The week I arrived, I was playing Scrabble with some of my new friends when the lights flickered, sputtered, and went out. The electricity remained off for a week in the Great Blackout of 1977. Across the street, hapless tenants on the higher floors of Stuyvesant Town had to pull water up to their apartments with ropes and buckets, since water pressure failed above the sixth floor of any building.

For us, the blackout was an adventure, and the sight of the darkened city from our rooftop was thrilling. However, there were looters everywhere; in fact the auto supply store at the end of the block was picked clean late one night after thieves lowered themselves through a skylight in the near pitch-blackness. We could hear them crashing around in the dark.

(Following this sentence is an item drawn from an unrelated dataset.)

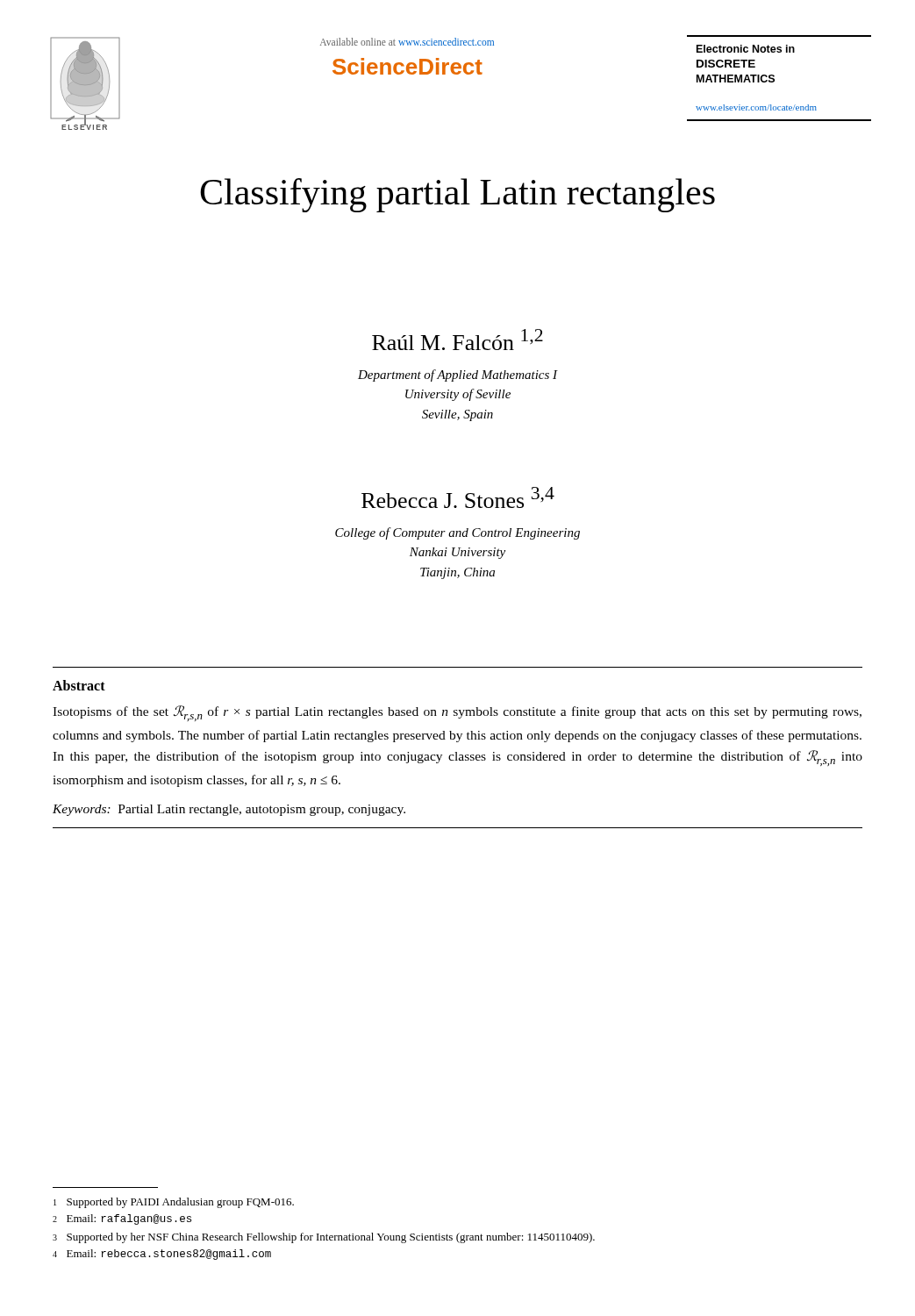Navigate to the text block starting "Available online at"
This screenshot has width=915, height=1316.
pyautogui.click(x=407, y=42)

One day later that summer, I was sitting in the bathtub in my kitchen and heard a loud explosion. I ran naked and dripping to my living room window to discover the super had been welding his rattletrap van and forgotten to empty the gas line. The thing sent a fireball whooshing past my window that went up five storeys, incinerating cars up and down the block. The burned-out cars remained for weeks.

Drugs were everywhere during the late 1970s and throughout the 1980s. In the early years it was heroin addicts, who nodded out in doorways and sometimes even died when they got drugs that were too strong. A dentist from Jersey who’d driven into the East Village one evening to score was found slumped over the wheel parked next to Tompkins Square the next morning, needle still in his arm. His patients and family had had no idea he was an addict, an incredulous TV anchor reported.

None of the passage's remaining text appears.